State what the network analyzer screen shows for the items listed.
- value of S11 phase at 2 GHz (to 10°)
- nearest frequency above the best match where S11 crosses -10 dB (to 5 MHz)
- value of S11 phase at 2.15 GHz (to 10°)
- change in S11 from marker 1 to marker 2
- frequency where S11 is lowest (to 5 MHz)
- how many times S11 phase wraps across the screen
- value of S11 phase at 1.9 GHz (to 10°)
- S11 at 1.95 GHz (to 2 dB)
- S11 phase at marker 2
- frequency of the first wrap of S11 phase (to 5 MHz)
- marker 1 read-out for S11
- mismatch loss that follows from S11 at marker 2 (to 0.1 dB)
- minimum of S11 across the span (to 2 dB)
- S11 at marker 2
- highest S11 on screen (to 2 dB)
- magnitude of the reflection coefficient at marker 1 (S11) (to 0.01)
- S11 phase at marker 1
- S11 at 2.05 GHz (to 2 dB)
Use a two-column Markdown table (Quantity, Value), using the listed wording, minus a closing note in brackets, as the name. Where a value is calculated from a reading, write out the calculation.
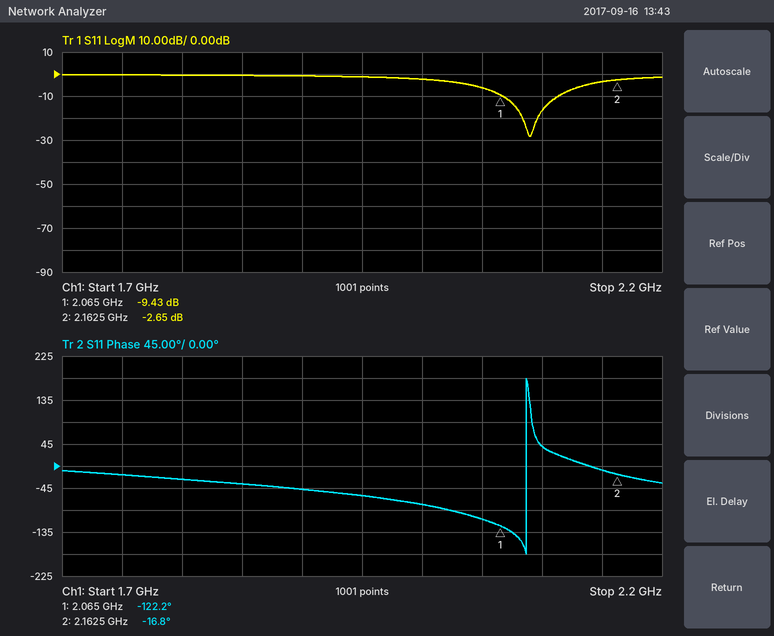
| Quantity | Value |
|---|---|
| value of S11 phase at 2 GHz | -80° |
| nearest frequency above the best match where S11 crosses -10 dB | 2.115 GHz |
| value of S11 phase at 2.15 GHz | -10° |
| change in S11 from marker 1 to marker 2 | -2.65 − (-9.43) = 6.78 dB |
| frequency where S11 is lowest | 2.090 GHz |
| how many times S11 phase wraps across the screen | 1 |
| value of S11 phase at 1.9 GHz | -50° |
| S11 at 1.95 GHz | -2 dB |
| S11 phase at marker 2 | -16.8° |
| frequency of the first wrap of S11 phase | 2.085 GHz |
| marker 1 read-out for S11 | -9.43 dB |
| mismatch loss that follows from S11 at marker 2 | −10 log10(1 − 10^(-2.65/10)) ≈ 3.4 dB |
| minimum of S11 across the span | -28 dB |
| S11 at marker 2 | -2.65 dB |
| highest S11 on screen | 0 dB |
| magnitude of the reflection coefficient at marker 1 (S11) | 10^(-9.43/20) ≈ 0.34 |
| S11 phase at marker 1 | -122.2° |
| S11 at 2.05 GHz | -6 dB |
________________
YOUR GOAL: Within the material above, extract exactly the lines that start at the line containing "- value of S11 phase at 2 GHz (to 10°)" and stop after the line containing "- S11 at 2.05 GHz (to 2 dB)", and only those.

TASK RESPONSE:
- value of S11 phase at 2 GHz (to 10°)
- nearest frequency above the best match where S11 crosses -10 dB (to 5 MHz)
- value of S11 phase at 2.15 GHz (to 10°)
- change in S11 from marker 1 to marker 2
- frequency where S11 is lowest (to 5 MHz)
- how many times S11 phase wraps across the screen
- value of S11 phase at 1.9 GHz (to 10°)
- S11 at 1.95 GHz (to 2 dB)
- S11 phase at marker 2
- frequency of the first wrap of S11 phase (to 5 MHz)
- marker 1 read-out for S11
- mismatch loss that follows from S11 at marker 2 (to 0.1 dB)
- minimum of S11 across the span (to 2 dB)
- S11 at marker 2
- highest S11 on screen (to 2 dB)
- magnitude of the reflection coefficient at marker 1 (S11) (to 0.01)
- S11 phase at marker 1
- S11 at 2.05 GHz (to 2 dB)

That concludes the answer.